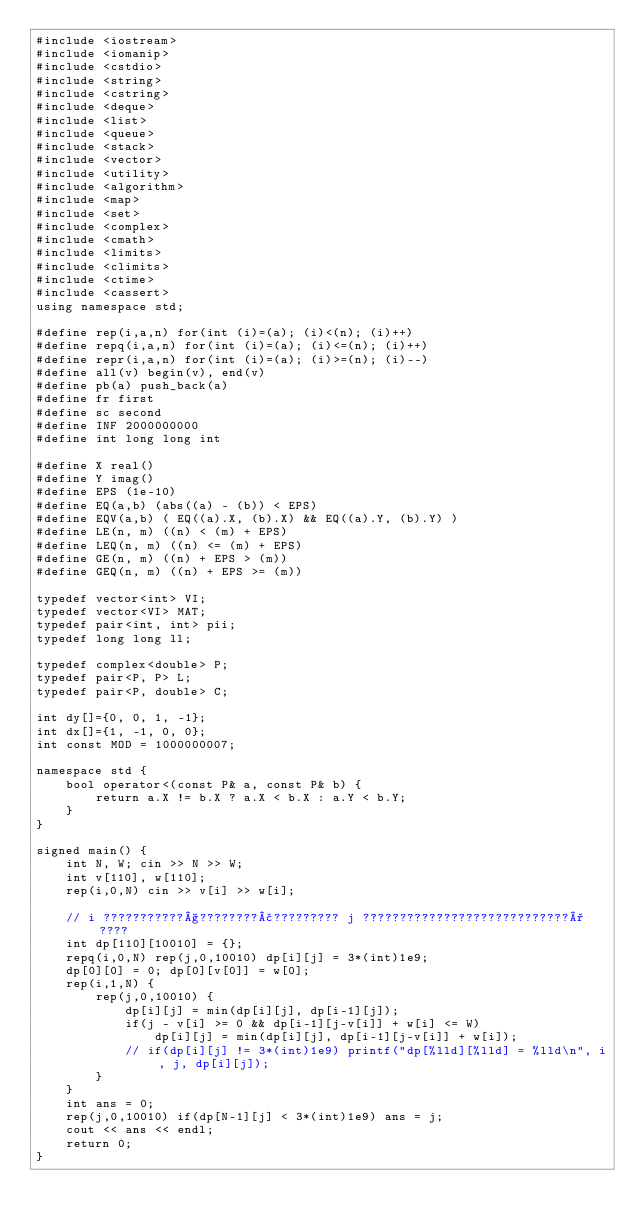Convert code to text. <code><loc_0><loc_0><loc_500><loc_500><_C++_>#include <iostream>
#include <iomanip>
#include <cstdio>
#include <string>
#include <cstring>
#include <deque>
#include <list>
#include <queue>
#include <stack>
#include <vector>
#include <utility>
#include <algorithm>
#include <map>
#include <set>
#include <complex>
#include <cmath>
#include <limits>
#include <climits>
#include <ctime>
#include <cassert>
using namespace std;

#define rep(i,a,n) for(int (i)=(a); (i)<(n); (i)++)
#define repq(i,a,n) for(int (i)=(a); (i)<=(n); (i)++)
#define repr(i,a,n) for(int (i)=(a); (i)>=(n); (i)--)
#define all(v) begin(v), end(v)
#define pb(a) push_back(a)
#define fr first
#define sc second
#define INF 2000000000
#define int long long int

#define X real()
#define Y imag()
#define EPS (1e-10)
#define EQ(a,b) (abs((a) - (b)) < EPS)
#define EQV(a,b) ( EQ((a).X, (b).X) && EQ((a).Y, (b).Y) )
#define LE(n, m) ((n) < (m) + EPS)
#define LEQ(n, m) ((n) <= (m) + EPS)
#define GE(n, m) ((n) + EPS > (m))
#define GEQ(n, m) ((n) + EPS >= (m))

typedef vector<int> VI;
typedef vector<VI> MAT;
typedef pair<int, int> pii;
typedef long long ll;

typedef complex<double> P;
typedef pair<P, P> L;
typedef pair<P, double> C;

int dy[]={0, 0, 1, -1};
int dx[]={1, -1, 0, 0};
int const MOD = 1000000007;

namespace std {
    bool operator<(const P& a, const P& b) {
        return a.X != b.X ? a.X < b.X : a.Y < b.Y;
    }
}

signed main() {
    int N, W; cin >> N >> W;
    int v[110], w[110];
    rep(i,0,N) cin >> v[i] >> w[i];

    // i ???????????§????????£????????? j ????????????????????????????°????
    int dp[110][10010] = {};
    repq(i,0,N) rep(j,0,10010) dp[i][j] = 3*(int)1e9;
    dp[0][0] = 0; dp[0][v[0]] = w[0];
    rep(i,1,N) {
        rep(j,0,10010) {
            dp[i][j] = min(dp[i][j], dp[i-1][j]);
            if(j - v[i] >= 0 && dp[i-1][j-v[i]] + w[i] <= W)
                dp[i][j] = min(dp[i][j], dp[i-1][j-v[i]] + w[i]);
            // if(dp[i][j] != 3*(int)1e9) printf("dp[%lld][%lld] = %lld\n", i, j, dp[i][j]);
        }
    }
    int ans = 0;
    rep(j,0,10010) if(dp[N-1][j] < 3*(int)1e9) ans = j;
    cout << ans << endl;
    return 0;
}</code> 
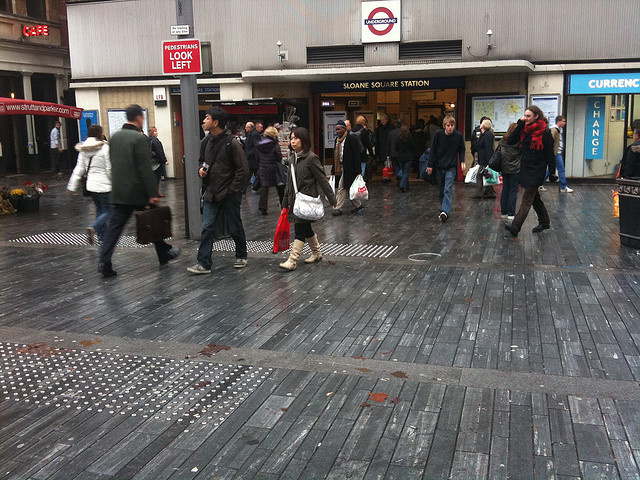Please transcribe the text information in this image. SLOAME SOUARE STATION LOOK LEFT CAFE CURRENC CHANGE 
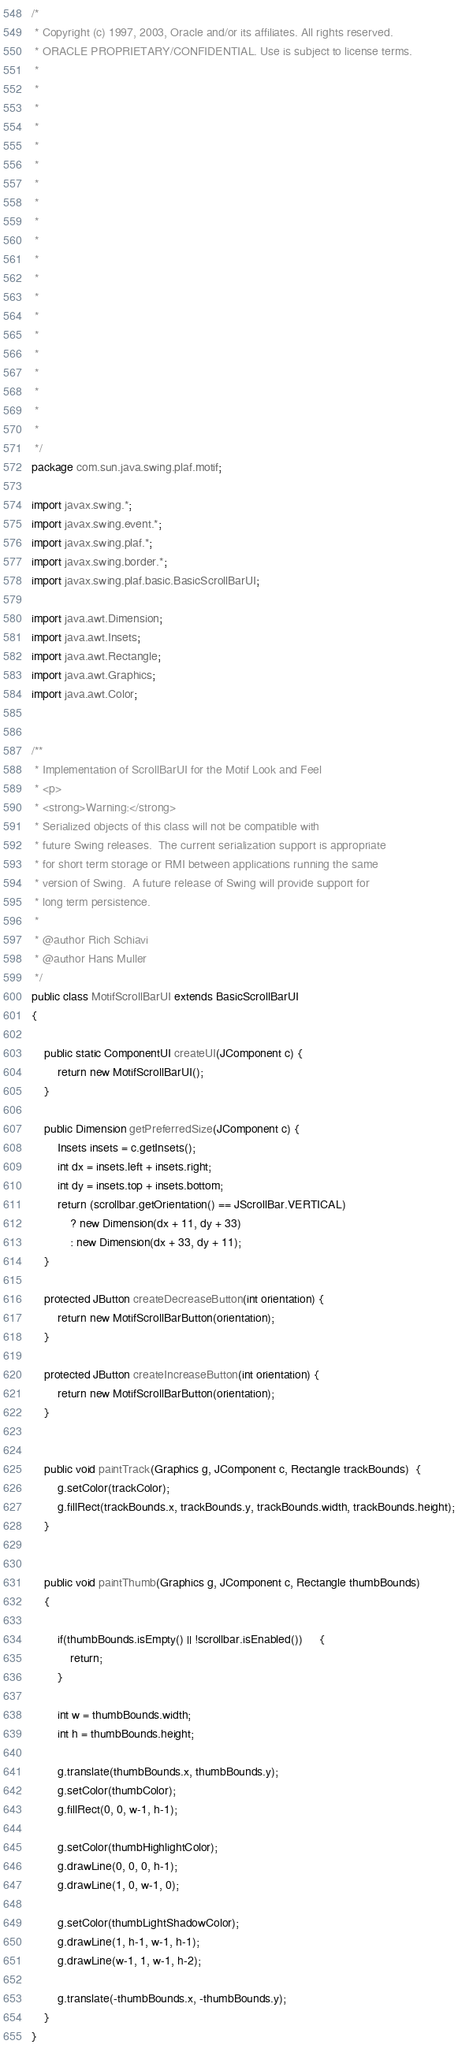Convert code to text. <code><loc_0><loc_0><loc_500><loc_500><_Java_>/*
 * Copyright (c) 1997, 2003, Oracle and/or its affiliates. All rights reserved.
 * ORACLE PROPRIETARY/CONFIDENTIAL. Use is subject to license terms.
 *
 *
 *
 *
 *
 *
 *
 *
 *
 *
 *
 *
 *
 *
 *
 *
 *
 *
 *
 *
 */
package com.sun.java.swing.plaf.motif;

import javax.swing.*;
import javax.swing.event.*;
import javax.swing.plaf.*;
import javax.swing.border.*;
import javax.swing.plaf.basic.BasicScrollBarUI;

import java.awt.Dimension;
import java.awt.Insets;
import java.awt.Rectangle;
import java.awt.Graphics;
import java.awt.Color;


/**
 * Implementation of ScrollBarUI for the Motif Look and Feel
 * <p>
 * <strong>Warning:</strong>
 * Serialized objects of this class will not be compatible with
 * future Swing releases.  The current serialization support is appropriate
 * for short term storage or RMI between applications running the same
 * version of Swing.  A future release of Swing will provide support for
 * long term persistence.
 *
 * @author Rich Schiavi
 * @author Hans Muller
 */
public class MotifScrollBarUI extends BasicScrollBarUI
{

    public static ComponentUI createUI(JComponent c) {
        return new MotifScrollBarUI();
    }

    public Dimension getPreferredSize(JComponent c) {
        Insets insets = c.getInsets();
        int dx = insets.left + insets.right;
        int dy = insets.top + insets.bottom;
        return (scrollbar.getOrientation() == JScrollBar.VERTICAL)
            ? new Dimension(dx + 11, dy + 33)
            : new Dimension(dx + 33, dy + 11);
    }

    protected JButton createDecreaseButton(int orientation) {
        return new MotifScrollBarButton(orientation);
    }

    protected JButton createIncreaseButton(int orientation) {
        return new MotifScrollBarButton(orientation);
    }


    public void paintTrack(Graphics g, JComponent c, Rectangle trackBounds)  {
        g.setColor(trackColor);
        g.fillRect(trackBounds.x, trackBounds.y, trackBounds.width, trackBounds.height);
    }


    public void paintThumb(Graphics g, JComponent c, Rectangle thumbBounds)
    {

        if(thumbBounds.isEmpty() || !scrollbar.isEnabled())     {
            return;
        }

        int w = thumbBounds.width;
        int h = thumbBounds.height;

        g.translate(thumbBounds.x, thumbBounds.y);
        g.setColor(thumbColor);
        g.fillRect(0, 0, w-1, h-1);

        g.setColor(thumbHighlightColor);
        g.drawLine(0, 0, 0, h-1);
        g.drawLine(1, 0, w-1, 0);

        g.setColor(thumbLightShadowColor);
        g.drawLine(1, h-1, w-1, h-1);
        g.drawLine(w-1, 1, w-1, h-2);

        g.translate(-thumbBounds.x, -thumbBounds.y);
    }
}
</code> 
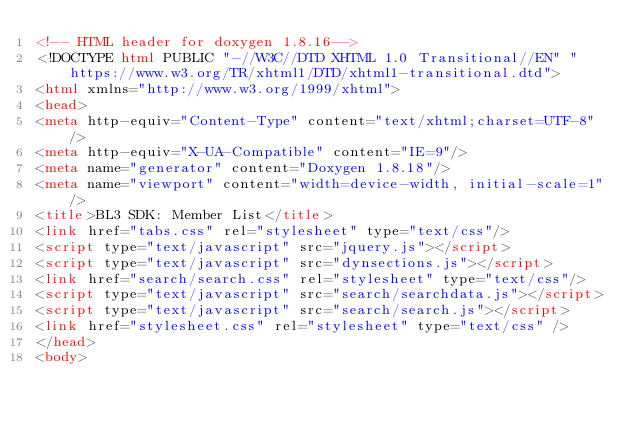<code> <loc_0><loc_0><loc_500><loc_500><_HTML_><!-- HTML header for doxygen 1.8.16-->
<!DOCTYPE html PUBLIC "-//W3C//DTD XHTML 1.0 Transitional//EN" "https://www.w3.org/TR/xhtml1/DTD/xhtml1-transitional.dtd">
<html xmlns="http://www.w3.org/1999/xhtml">
<head>
<meta http-equiv="Content-Type" content="text/xhtml;charset=UTF-8"/>
<meta http-equiv="X-UA-Compatible" content="IE=9"/>
<meta name="generator" content="Doxygen 1.8.18"/>
<meta name="viewport" content="width=device-width, initial-scale=1"/>
<title>BL3 SDK: Member List</title>
<link href="tabs.css" rel="stylesheet" type="text/css"/>
<script type="text/javascript" src="jquery.js"></script>
<script type="text/javascript" src="dynsections.js"></script>
<link href="search/search.css" rel="stylesheet" type="text/css"/>
<script type="text/javascript" src="search/searchdata.js"></script>
<script type="text/javascript" src="search/search.js"></script>
<link href="stylesheet.css" rel="stylesheet" type="text/css" />
</head>
<body></code> 
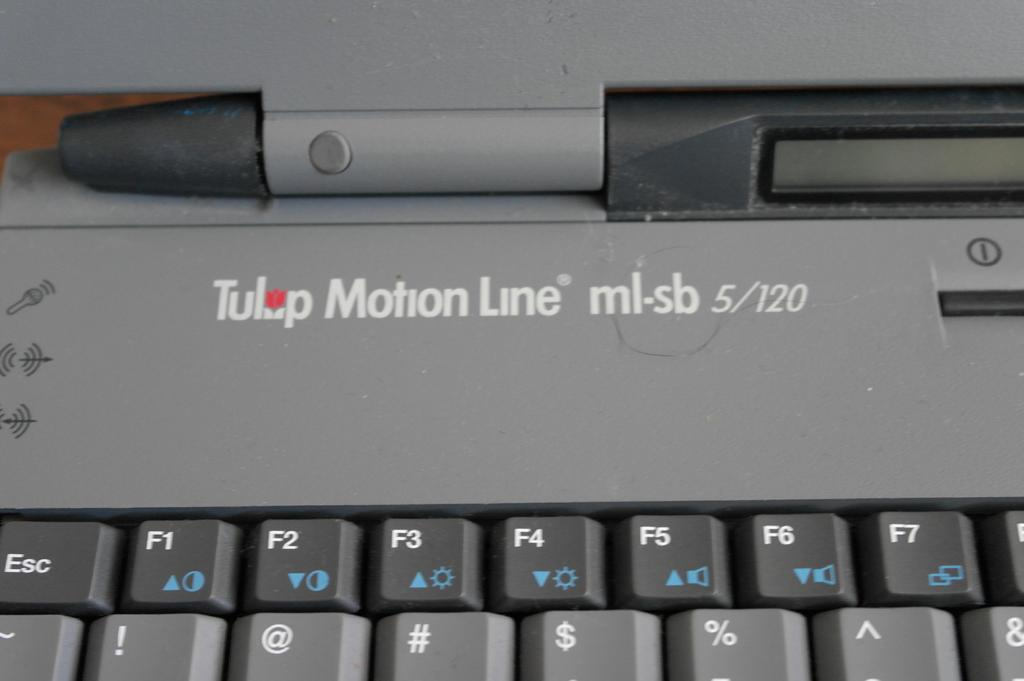Provide a one-sentence caption for the provided image. A keyboard has the name Tulip Motion Line written above the F-number keys. 
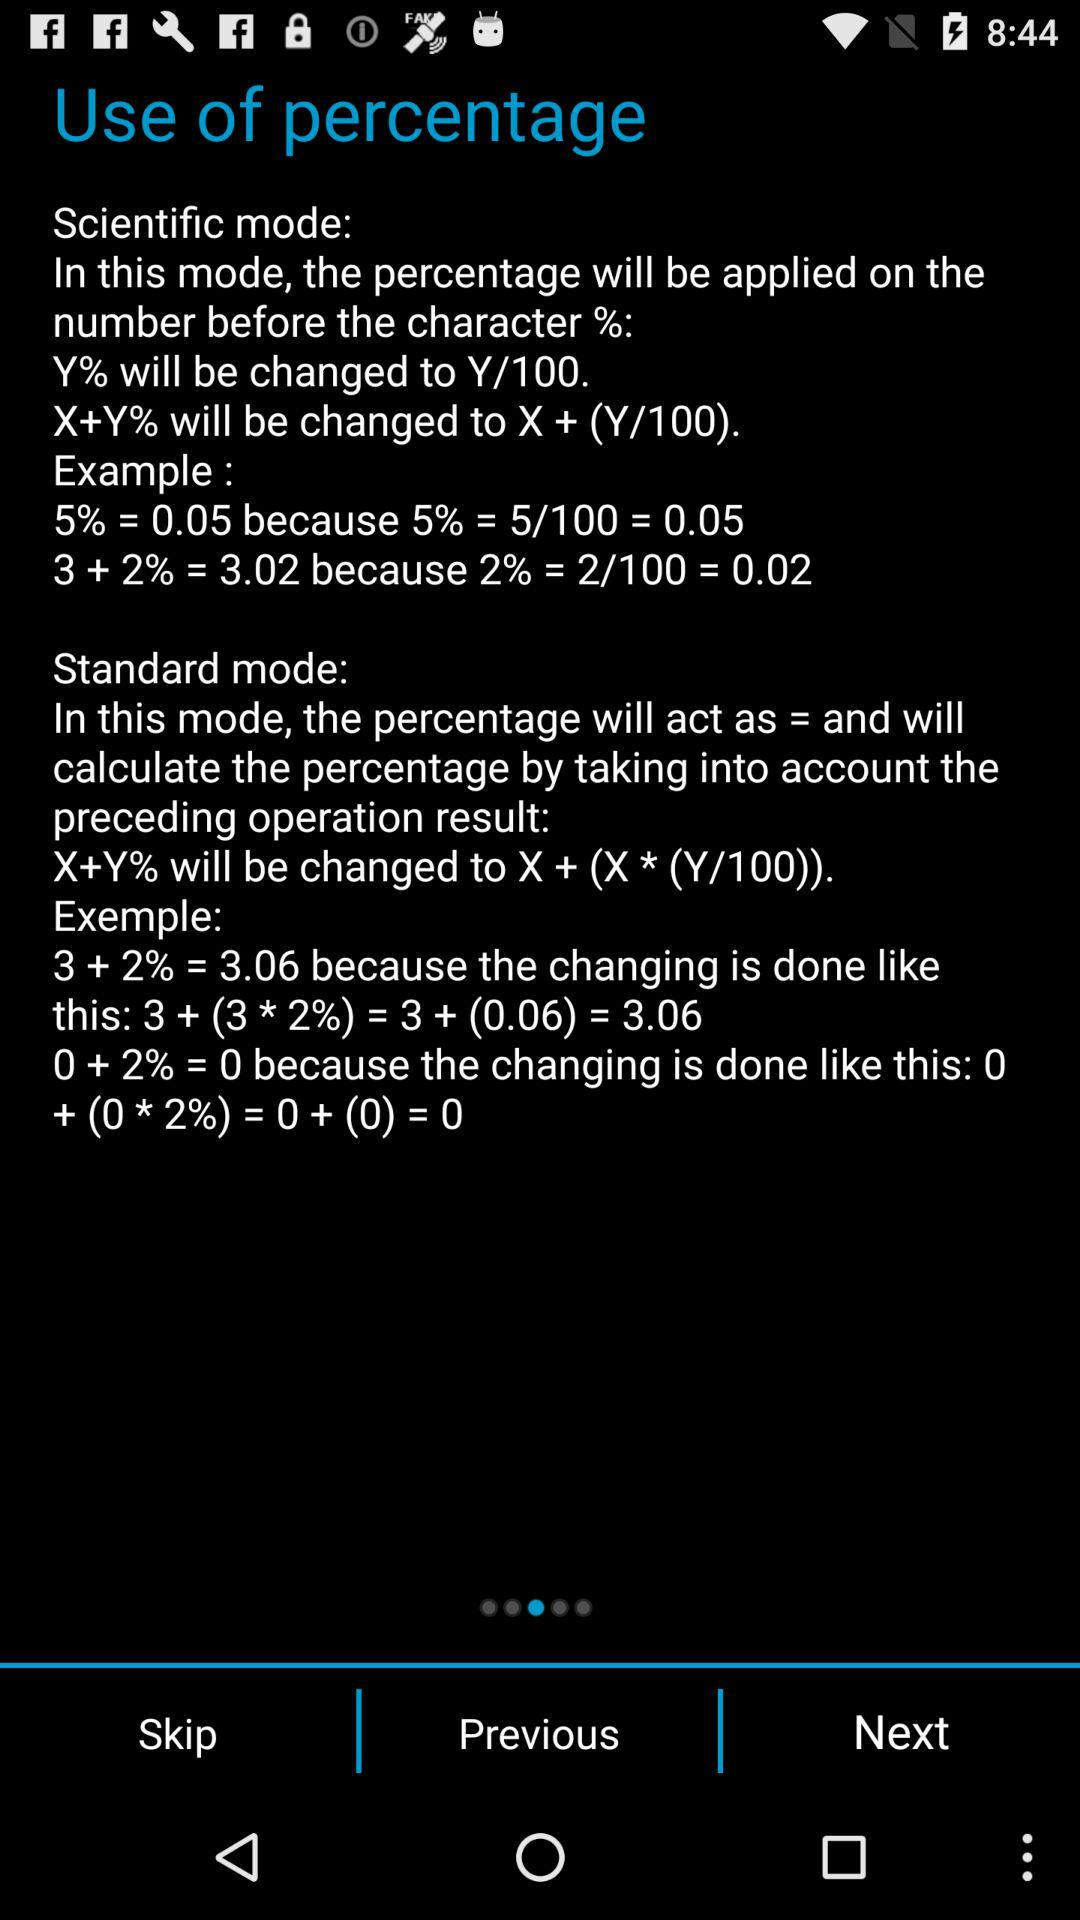How many different modes are there?
Answer the question using a single word or phrase. 2 
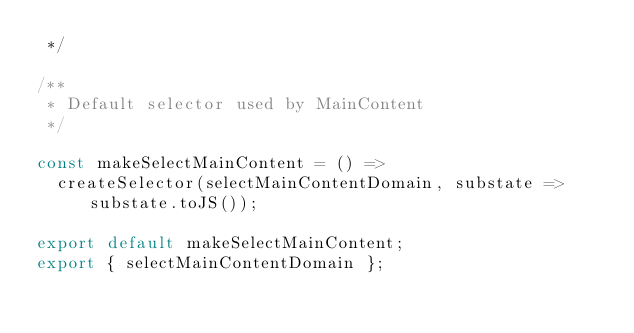Convert code to text. <code><loc_0><loc_0><loc_500><loc_500><_JavaScript_> */

/**
 * Default selector used by MainContent
 */

const makeSelectMainContent = () =>
  createSelector(selectMainContentDomain, substate => substate.toJS());

export default makeSelectMainContent;
export { selectMainContentDomain };
</code> 
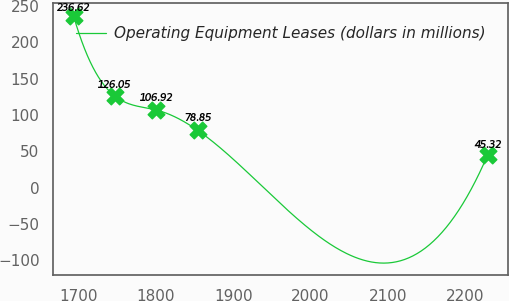<chart> <loc_0><loc_0><loc_500><loc_500><line_chart><ecel><fcel>Operating Equipment Leases (dollars in millions)<nl><fcel>1693.3<fcel>236.62<nl><fcel>1746.88<fcel>126.05<nl><fcel>1800.46<fcel>106.92<nl><fcel>1854.04<fcel>78.85<nl><fcel>2229.12<fcel>45.32<nl></chart>

# # # # #

* Problem requirements
A verbatim copy of the data, pictures removed, is the expected result.

* Result of this task
Convert code to text. <code><loc_0><loc_0><loc_500><loc_500><_C++_>#include <iostream>
#include <iomanip>
#include <cstdio>
#include <string>
#include <cstring>
#include <deque>
#include <list>
#include <queue>
#include <stack>
#include <vector>
#include <utility>
#include <algorithm>
#include <map>
#include <set>
#include <complex>
#include <cmath>
#include <limits>
#include <climits>
#include <ctime>
#include <cassert>
using namespace std;

#define rep(i,a,n) for(int (i)=(a); (i)<(n); (i)++)
#define repq(i,a,n) for(int (i)=(a); (i)<=(n); (i)++)
#define repr(i,a,n) for(int (i)=(a); (i)>=(n); (i)--)
#define all(v) begin(v), end(v)
#define pb(a) push_back(a)
#define fr first
#define sc second
#define INF 2000000000
#define int long long int

#define X real()
#define Y imag()
#define EPS (1e-10)
#define EQ(a,b) (abs((a) - (b)) < EPS)
#define EQV(a,b) ( EQ((a).X, (b).X) && EQ((a).Y, (b).Y) )
#define LE(n, m) ((n) < (m) + EPS)
#define LEQ(n, m) ((n) <= (m) + EPS)
#define GE(n, m) ((n) + EPS > (m))
#define GEQ(n, m) ((n) + EPS >= (m))

typedef vector<int> VI;
typedef vector<VI> MAT;
typedef pair<int, int> pii;
typedef long long ll;

typedef complex<double> P;
typedef pair<P, P> L;
typedef pair<P, double> C;

int dy[]={0, 0, 1, -1};
int dx[]={1, -1, 0, 0};
int const MOD = 1000000007;

namespace std {
    bool operator<(const P& a, const P& b) {
        return a.X != b.X ? a.X < b.X : a.Y < b.Y;
    }
}

signed main() {
    int N, W; cin >> N >> W;
    int v[110], w[110];
    rep(i,0,N) cin >> v[i] >> w[i];

    // i ???????????§????????£????????? j ????????????????????????????°????
    int dp[110][10010] = {};
    repq(i,0,N) rep(j,0,10010) dp[i][j] = 3*(int)1e9;
    dp[0][0] = 0; dp[0][v[0]] = w[0];
    rep(i,1,N) {
        rep(j,0,10010) {
            dp[i][j] = min(dp[i][j], dp[i-1][j]);
            if(j - v[i] >= 0 && dp[i-1][j-v[i]] + w[i] <= W)
                dp[i][j] = min(dp[i][j], dp[i-1][j-v[i]] + w[i]);
            // if(dp[i][j] != 3*(int)1e9) printf("dp[%lld][%lld] = %lld\n", i, j, dp[i][j]);
        }
    }
    int ans = 0;
    rep(j,0,10010) if(dp[N-1][j] < 3*(int)1e9) ans = j;
    cout << ans << endl;
    return 0;
}</code> 
Please transcribe the text information in this image. SLOAME SOUARE STATION LOOK LEFT CAFE CURRENC CHANGE 
Convert code to text. <code><loc_0><loc_0><loc_500><loc_500><_Java_>/*
 * Copyright (c) 1997, 2003, Oracle and/or its affiliates. All rights reserved.
 * ORACLE PROPRIETARY/CONFIDENTIAL. Use is subject to license terms.
 *
 *
 *
 *
 *
 *
 *
 *
 *
 *
 *
 *
 *
 *
 *
 *
 *
 *
 *
 *
 */
package com.sun.java.swing.plaf.motif;

import javax.swing.*;
import javax.swing.event.*;
import javax.swing.plaf.*;
import javax.swing.border.*;
import javax.swing.plaf.basic.BasicScrollBarUI;

import java.awt.Dimension;
import java.awt.Insets;
import java.awt.Rectangle;
import java.awt.Graphics;
import java.awt.Color;


/**
 * Implementation of ScrollBarUI for the Motif Look and Feel
 * <p>
 * <strong>Warning:</strong>
 * Serialized objects of this class will not be compatible with
 * future Swing releases.  The current serialization support is appropriate
 * for short term storage or RMI between applications running the same
 * version of Swing.  A future release of Swing will provide support for
 * long term persistence.
 *
 * @author Rich Schiavi
 * @author Hans Muller
 */
public class MotifScrollBarUI extends BasicScrollBarUI
{

    public static ComponentUI createUI(JComponent c) {
        return new MotifScrollBarUI();
    }

    public Dimension getPreferredSize(JComponent c) {
        Insets insets = c.getInsets();
        int dx = insets.left + insets.right;
        int dy = insets.top + insets.bottom;
        return (scrollbar.getOrientation() == JScrollBar.VERTICAL)
            ? new Dimension(dx + 11, dy + 33)
            : new Dimension(dx + 33, dy + 11);
    }

    protected JButton createDecreaseButton(int orientation) {
        return new MotifScrollBarButton(orientation);
    }

    protected JButton createIncreaseButton(int orientation) {
        return new MotifScrollBarButton(orientation);
    }


    public void paintTrack(Graphics g, JComponent c, Rectangle trackBounds)  {
        g.setColor(trackColor);
        g.fillRect(trackBounds.x, trackBounds.y, trackBounds.width, trackBounds.height);
    }


    public void paintThumb(Graphics g, JComponent c, Rectangle thumbBounds)
    {

        if(thumbBounds.isEmpty() || !scrollbar.isEnabled())     {
            return;
        }

        int w = thumbBounds.width;
        int h = thumbBounds.height;

        g.translate(thumbBounds.x, thumbBounds.y);
        g.setColor(thumbColor);
        g.fillRect(0, 0, w-1, h-1);

        g.setColor(thumbHighlightColor);
        g.drawLine(0, 0, 0, h-1);
        g.drawLine(1, 0, w-1, 0);

        g.setColor(thumbLightShadowColor);
        g.drawLine(1, h-1, w-1, h-1);
        g.drawLine(w-1, 1, w-1, h-2);

        g.translate(-thumbBounds.x, -thumbBounds.y);
    }
}
</code> 
<code> <loc_0><loc_0><loc_500><loc_500><_HTML_><!-- HTML header for doxygen 1.8.16-->
<!DOCTYPE html PUBLIC "-//W3C//DTD XHTML 1.0 Transitional//EN" "https://www.w3.org/TR/xhtml1/DTD/xhtml1-transitional.dtd">
<html xmlns="http://www.w3.org/1999/xhtml">
<head>
<meta http-equiv="Content-Type" content="text/xhtml;charset=UTF-8"/>
<meta http-equiv="X-UA-Compatible" content="IE=9"/>
<meta name="generator" content="Doxygen 1.8.18"/>
<meta name="viewport" content="width=device-width, initial-scale=1"/>
<title>BL3 SDK: Member List</title>
<link href="tabs.css" rel="stylesheet" type="text/css"/>
<script type="text/javascript" src="jquery.js"></script>
<script type="text/javascript" src="dynsections.js"></script>
<link href="search/search.css" rel="stylesheet" type="text/css"/>
<script type="text/javascript" src="search/searchdata.js"></script>
<script type="text/javascript" src="search/search.js"></script>
<link href="stylesheet.css" rel="stylesheet" type="text/css" />
</head>
<body></code> 
Provide a one-sentence caption for the provided image. A keyboard has the name Tulip Motion Line written above the F-number keys. 
How many different modes are there?
Answer the question using a single word or phrase. 2 
Convert code to text. <code><loc_0><loc_0><loc_500><loc_500><_JavaScript_> */

/**
 * Default selector used by MainContent
 */

const makeSelectMainContent = () =>
  createSelector(selectMainContentDomain, substate => substate.toJS());

export default makeSelectMainContent;
export { selectMainContentDomain };
</code> 
<chart> <loc_0><loc_0><loc_500><loc_500><line_chart><ecel><fcel>Operating Equipment Leases (dollars in millions)<nl><fcel>1693.3<fcel>236.62<nl><fcel>1746.88<fcel>126.05<nl><fcel>1800.46<fcel>106.92<nl><fcel>1854.04<fcel>78.85<nl><fcel>2229.12<fcel>45.32<nl></chart>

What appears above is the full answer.